The life of the poor in Swaledale & Arkengarthdale nearly 200 years ago is coming under scrutiny as part of a nationwide project.
With the support of the Friends of Swaledale Museum a group of volunteers are embarking on a study to unearth the hidden history of life for the local poor in the 19th-century. Working with the National Archives, they are cataloguing hundreds of letters, memos and reports held within the long-forgotten records of the Reeth Poor Law Union. Ultimately the scanned records will be made available online at the National Archives website. There local and family historians will be able to search by name, place, date and event, providing a level of detail found in no other records from the period. From the running of the local workhouse, to tales of family breakdown, greed and corruption, the records will provide a detailed snapshot of a key period in Britain's history.

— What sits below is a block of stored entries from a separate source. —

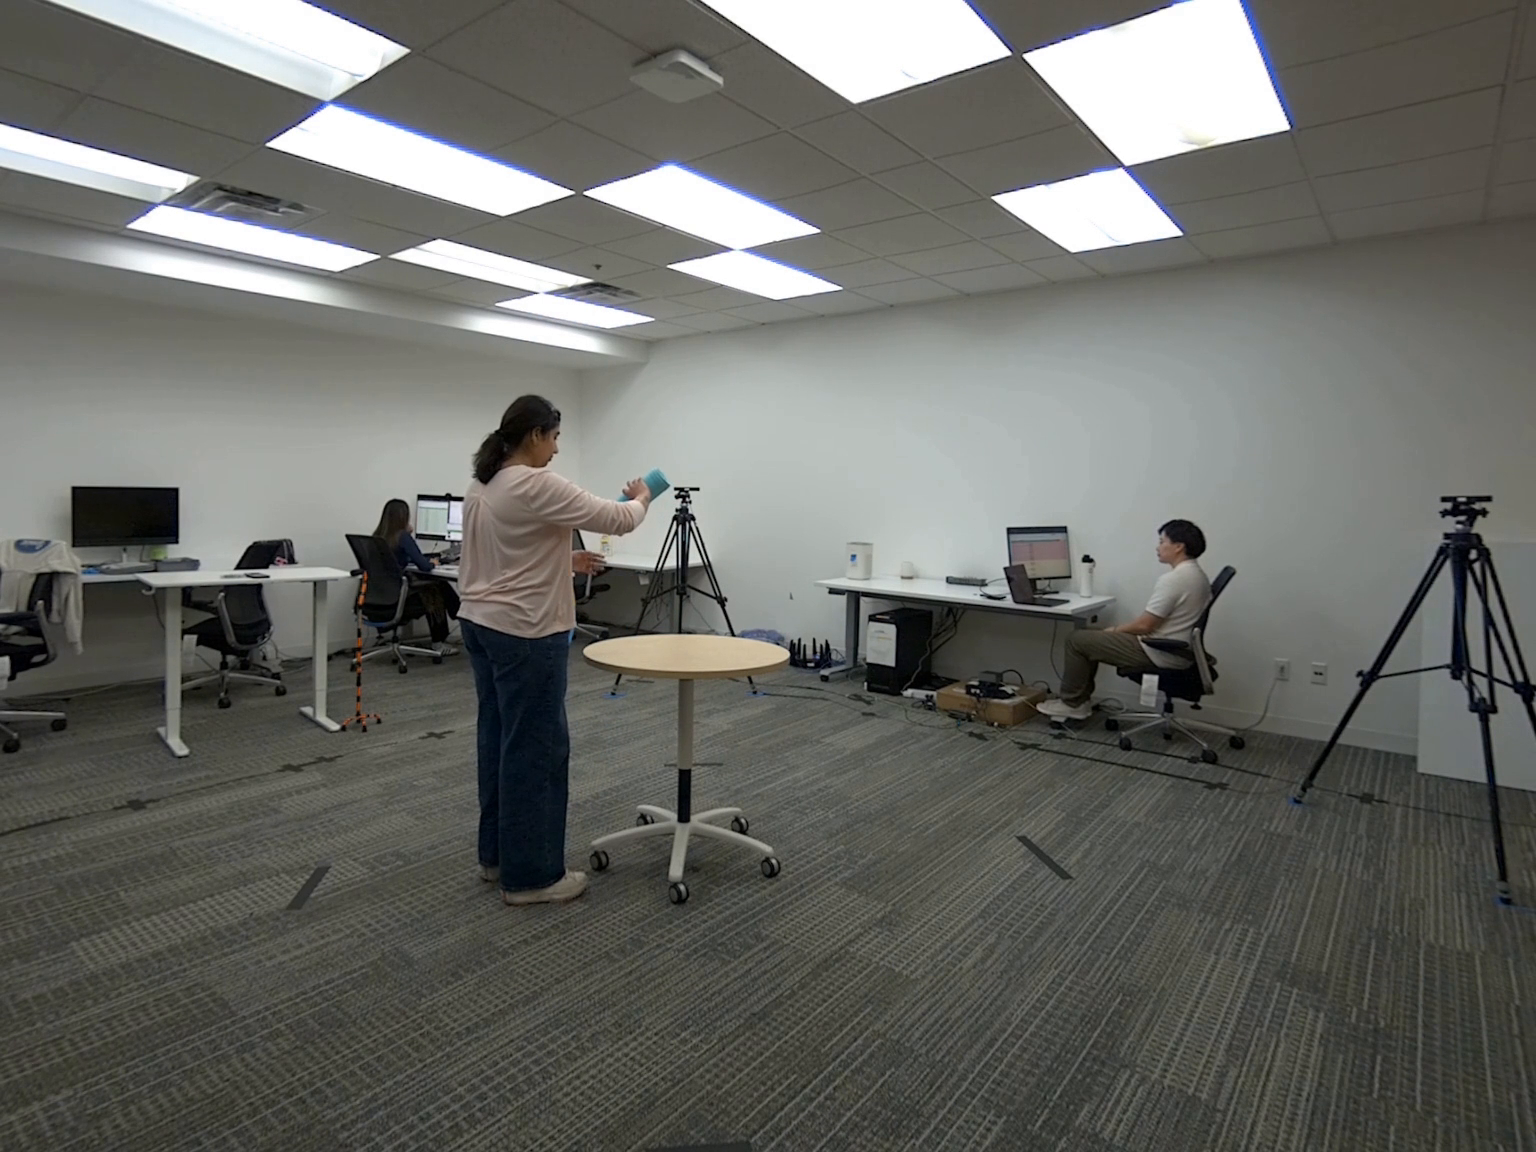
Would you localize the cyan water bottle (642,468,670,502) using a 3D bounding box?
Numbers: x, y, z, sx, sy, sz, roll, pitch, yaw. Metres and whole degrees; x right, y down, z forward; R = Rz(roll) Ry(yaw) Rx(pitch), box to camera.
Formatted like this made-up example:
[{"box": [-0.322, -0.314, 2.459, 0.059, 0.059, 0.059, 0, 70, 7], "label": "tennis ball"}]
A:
[{"box": [-0.502, -0.270, 3.105, 0.284, 0.093, 0.092, -42, -2, 8], "label": "cyan water bottle"}]
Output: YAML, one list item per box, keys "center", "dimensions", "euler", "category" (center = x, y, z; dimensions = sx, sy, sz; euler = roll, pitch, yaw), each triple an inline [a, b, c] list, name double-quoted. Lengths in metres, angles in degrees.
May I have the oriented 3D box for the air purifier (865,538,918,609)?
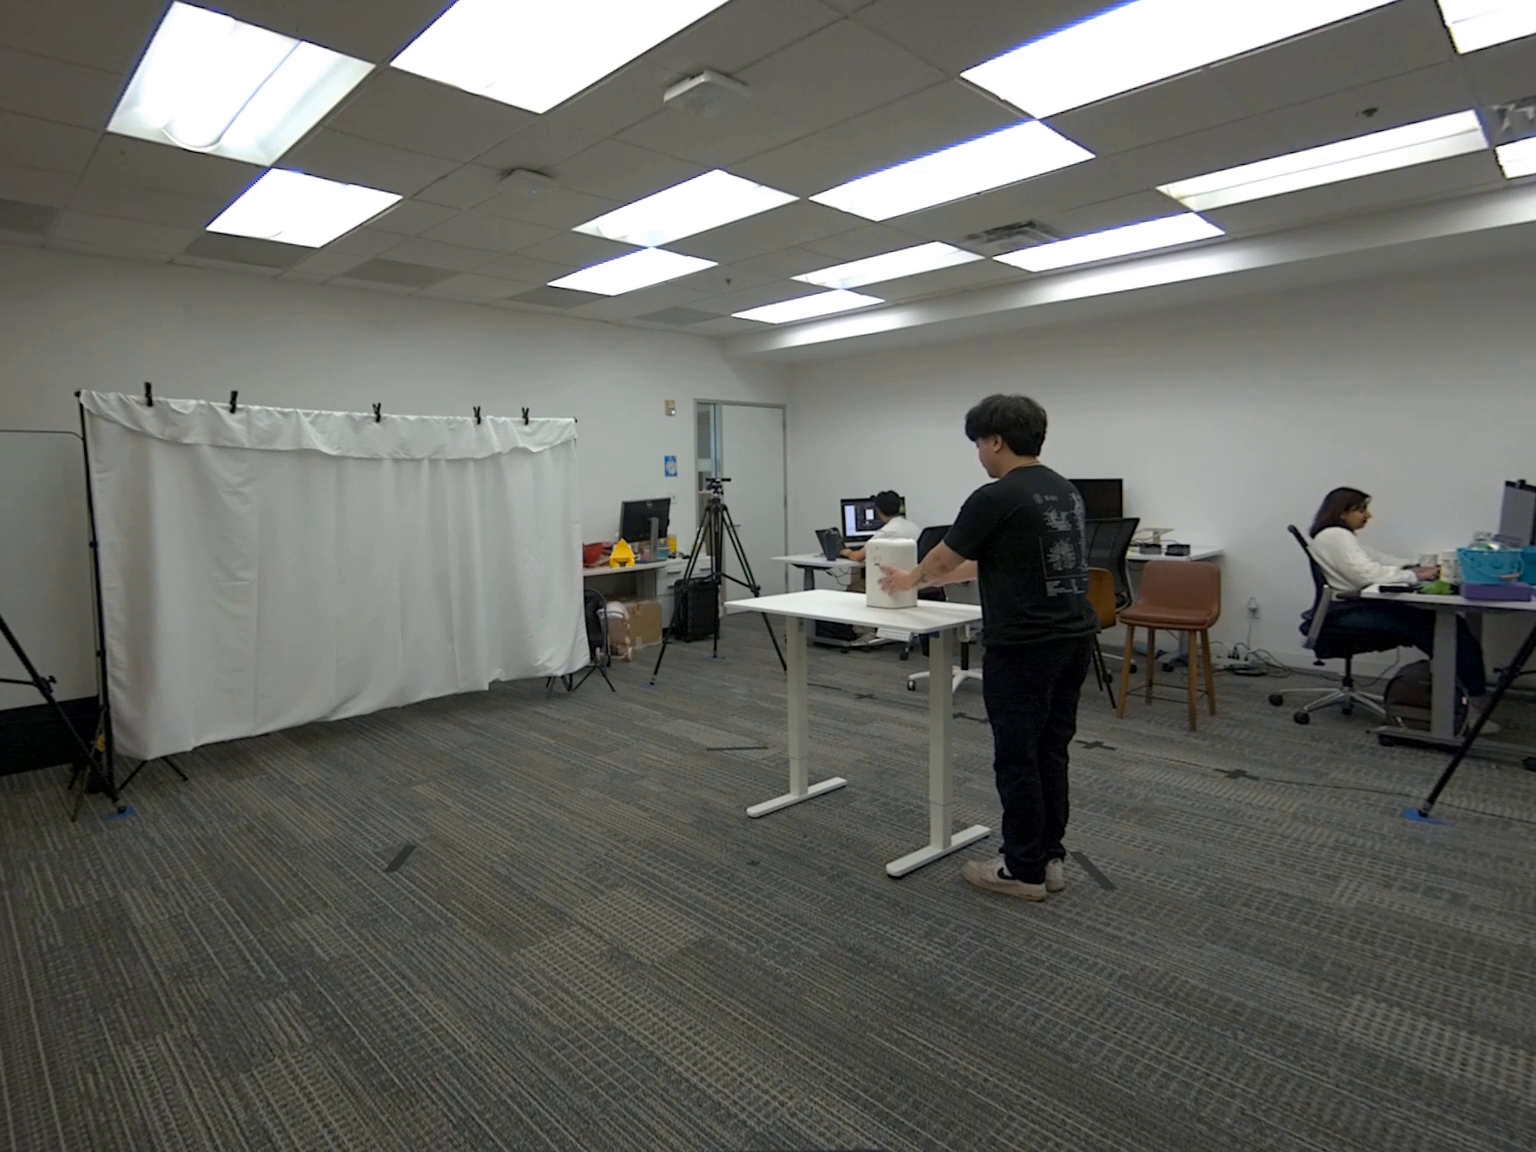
- center: [0.496, -0.016, 3.380]
  dimensions: [0.167, 0.265, 0.176]
  euler: [-4, 4, -43]
  category: "air purifier"
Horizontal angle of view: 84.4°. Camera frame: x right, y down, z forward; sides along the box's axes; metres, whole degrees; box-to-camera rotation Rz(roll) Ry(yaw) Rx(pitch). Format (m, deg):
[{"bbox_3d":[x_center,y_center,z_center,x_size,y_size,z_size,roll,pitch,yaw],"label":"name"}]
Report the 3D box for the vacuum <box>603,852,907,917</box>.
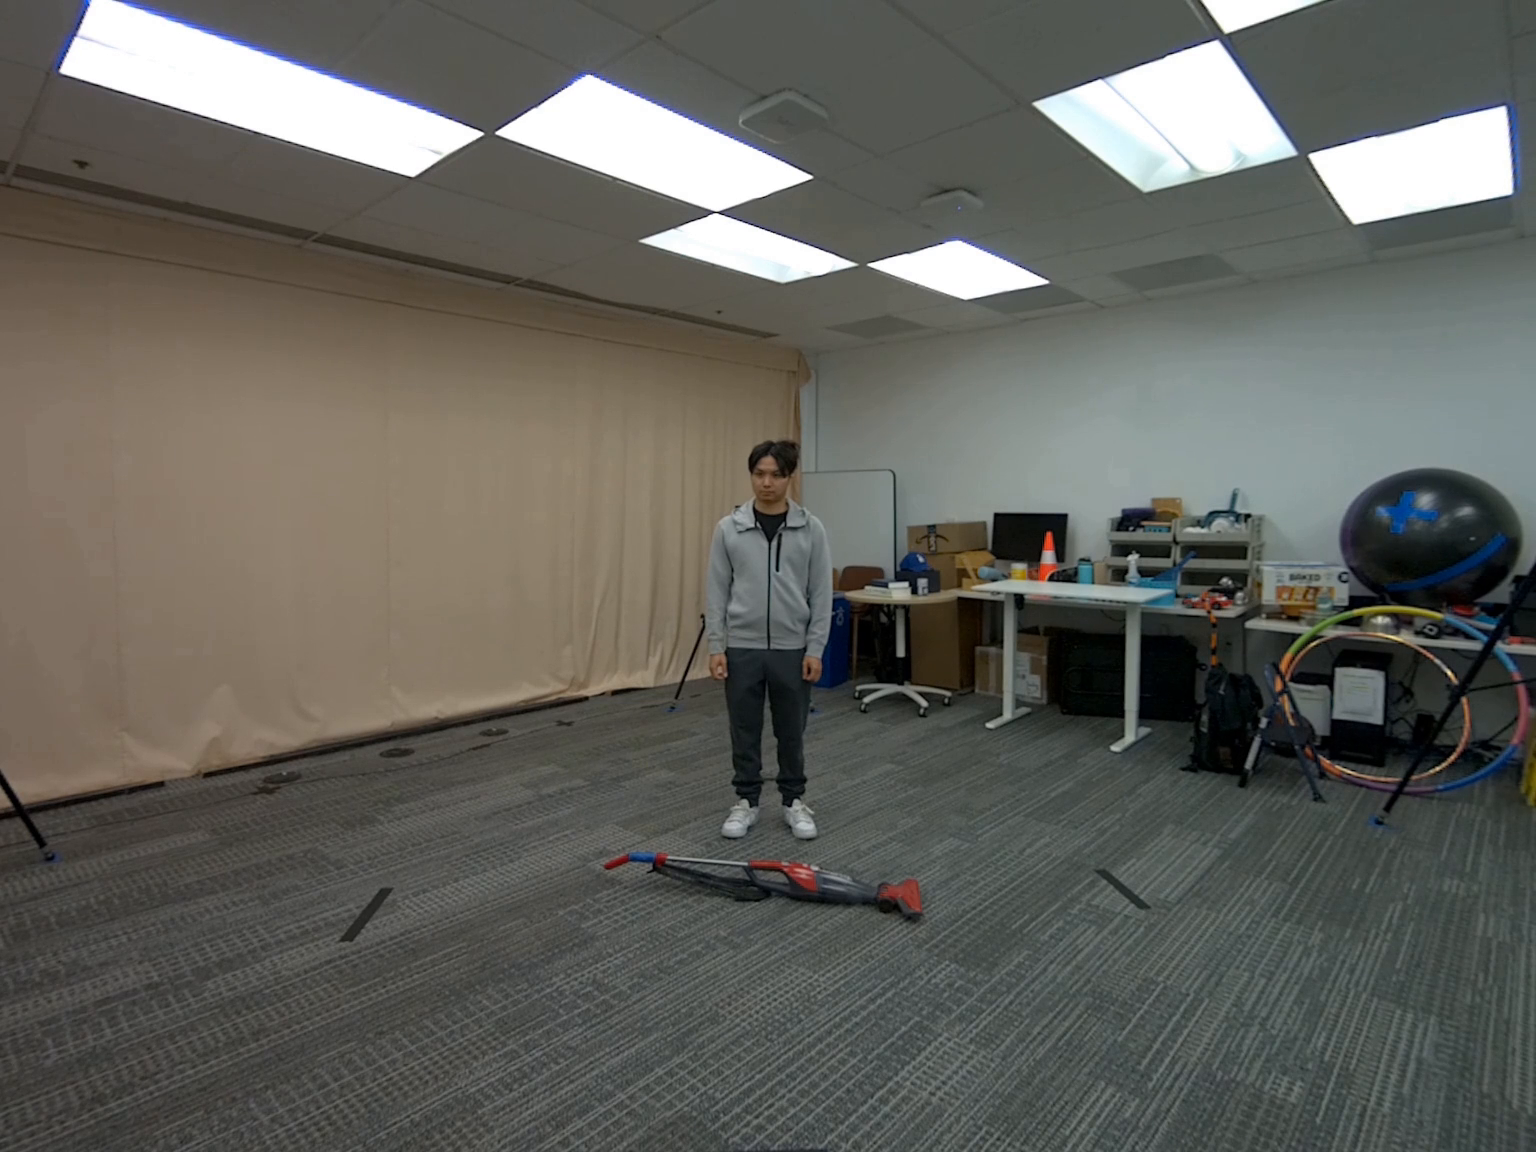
[{"bbox_3d":[-0.081,1.086,3.021,1.060,0.143,0.251,3,11,9],"label":"vacuum"}]

It is estimated that around 80 per cent of the population of England and Wales in the mid-1800s would have been affected by the Poor Law Unions. Yet despite their historic value much of what exists in the files remains a mystery as they are poorly catalogued and underused. Reeth is one of 22 Poor Law Unions included in the 18-month project and around 250 volunteers across England and Wales will catalogue more than 100,000 pages of documents, covering from the mid-1830s to around 1870.
"The 19th-century saw a tremendous expansion in Britain's economy and huge increases in wealth and yet at the same time there was extreme poverty" said local coordinator Alan Mills. "These records that will help researchers, family historians and academics, find out what life was like for ordinary people."